At this point you'll have to determine if there's an ignition or fuel delivery problem:

The fuel injector may not be firing. This can be tested with a "noid" light probe for the injector harness connector.

Pull the coil pack to test; use a spare spark plug in the coil pack to test; ground the plug base with a jumper wire to the engine block; see if you're getting a spark when starting the engine.


----------



## Spbynack (Dec 23, 2016)

Yes sorry we did run the codes and it came up p0300 for random misfire we found out that the 3rd cylinder was not firing at all.we ran tests on the power running to the coil packs and the fuel injector and found they are both getting power we then replaced the fuel injector in the 3rd cylinder and that didn't change anything we looked at the spark plugs and pulled out each one and found that when we pulled out the 3rd plug and coil the engine didn't change we ran a single cylinder compression test and found that the 3rd cylinder is running at about 125


----------



## rogoman (Dec 16, 2004)

Just because you're getting a constant 12 volts to the coil pac and the fuel injector doesn't mean that they are operating correctly.
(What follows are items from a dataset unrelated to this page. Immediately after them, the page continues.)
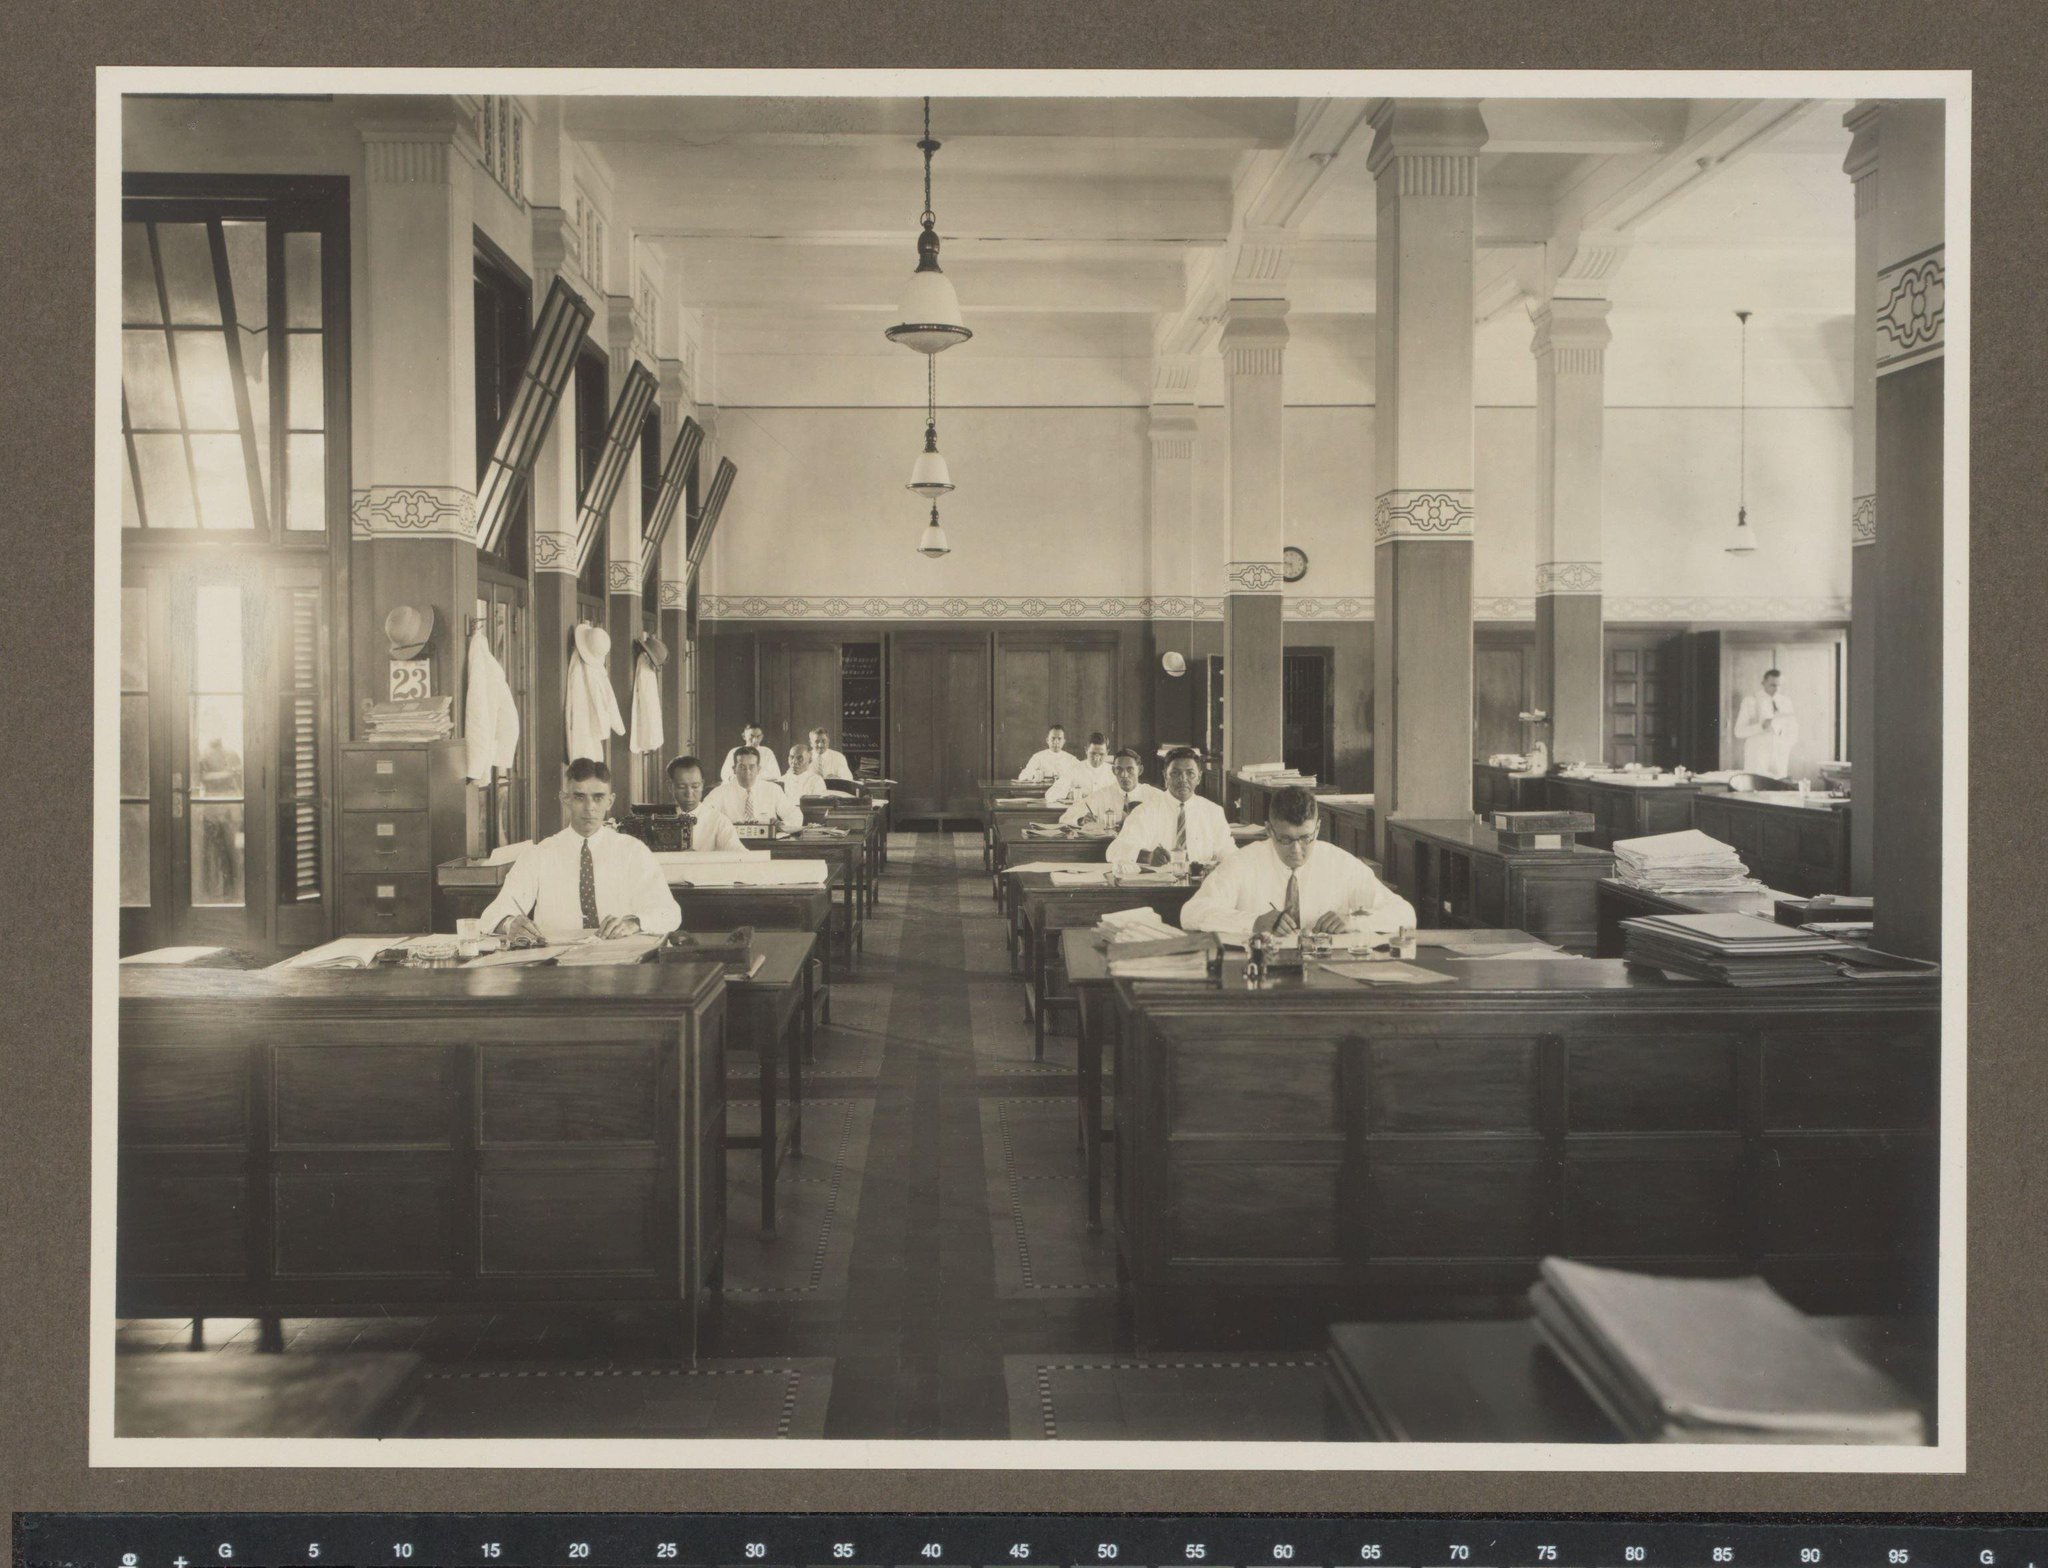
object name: photograph
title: Cultuurafdeeling
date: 1904-1931
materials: photographic support
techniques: gelatin silver print
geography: surabaya
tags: colonial system, trade-company, administration ~ trade and finance, surabaya, java
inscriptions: inscription: ‘Cultuurafdeeling’
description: Het kantoor van de chefs van de cultuurafdeling. Foto genomen op 23 april 1931. Foto in het het fotoalbum aangeboden aan A. van der Eyk namens de chefs en het personeel van de Handelsvereniging Amsterdam (HVA) te Soerabaja bij zijn vertrek van Java in april 1931.

You haven't gone far enough with your diagnosis. Like my post suggests, the fuel injector may not be firing (not getting pulsed by the CPU). This can be tested with a "noid" light probe for the injector harness connector. To see if there's an ignition failure, pull the coil pack to test; use a spare spark plug in the coil pack to test; ground the plug base with a jumper wire to the engine block; see if you're getting a spark when starting the engine.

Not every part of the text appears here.